The survey of asset managers and insurance professionals found that while, generally, firms are finding tools and technologies useful in finding value in data, there is variance in the level of value they are gleaning from it.
Only 13 percent of respondents said they are able to capture the entire value of their use of data. However, 44 percent said they capture this value ‘fairly well’ and 41 percent answered ‘somewhat well’.
Although the level of value gleaned was varied, only 2 percent of respondents said they do not capture value well at all.
The white paper put this partially down to asset managers still experimenting with how to best capture value from data, pointing out that a lot of the data received is irrelevant to their current models of practice, and that it takes significant resources to clean and prepare the data received.

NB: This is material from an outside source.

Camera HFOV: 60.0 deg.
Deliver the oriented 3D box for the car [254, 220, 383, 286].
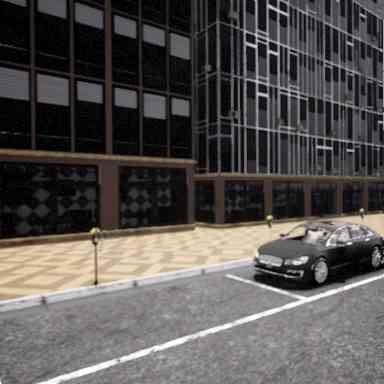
[{"bbox_3d":[3.606,1.489,9.133,4.403,1.369,2.008,-1,0,-35],"label":"car"}]

The survey results also revealed remaining challenges in making good use of data. Although results were fairly varied, the need for processing and cleaning data emerged as the top difficulty, named by 36 percent of respondents. This was followed by the issue of data presented in non-compatible formats and the inability to determine what is and is not useful, cited by 29 percent and 28 percent, respectively.
In addition, 20 percent noted a challenge emerging from incorrect data and 21 percent said data requires user interfaces that can be difficult to understand.
According to the report, issues around reconciliation and data compatibility can leave asset managers with “strong reservations about the reliability and the utility of their data”. This could become a serious problem as the volume, speed and variety of data increases.
When asked their top three reasons for investing in new data sources, responding to regulatory requirements emerged, unsurprisingly, as the top response, cited by 51 percent of respondents.
The second most popular reason was to improve customer satisfaction, highlighted by 43 percent, followed by the ability to meet new business goals, named as a reason by 33 percent.
These reasons for investment, however, are not necessarily in line with firms’ top goals for developing data strategy. The top goal here was to improve investment decisions, cited by 54 percent, followed by managing risks and ‘modelling or otherwise assessing’ risk, which were named as goals by 43 and 34 percent, respectively.
According to Northern Trust, in order to be useful, data must be aggregated, or captured from various sources; normalised, or translated and formatted in order to reach consistency; verified through reconciliations and valuation; and integrated for seamless delivery to business processes and external systems, making the aggregated data a ‘golden source’. The paper noted, however, that it can be difficult to find a data management system that can do all of these things.
Pete Cherecwich, head of corporate and institutional services for the Americas at Northern Trust, said: “This survey confirmed for us what we recognize as some of our clients’ biggest challenges.”
He added: “Whether they are looking for ways to manage their investment decisions, monitor their risks, or improve their reporting, they need to extract more value from their data to gain actionable insights.”
Serge Boccassini, global product solutions manager at Northern Trust, commented: “Developing a comprehensive and flexible data management strategy is essential for asset managers to succeed in a competitive marketplace.”
The survey was conducted in Q3 2015, and included 201 asset managers and insurance executives from the US and Europe.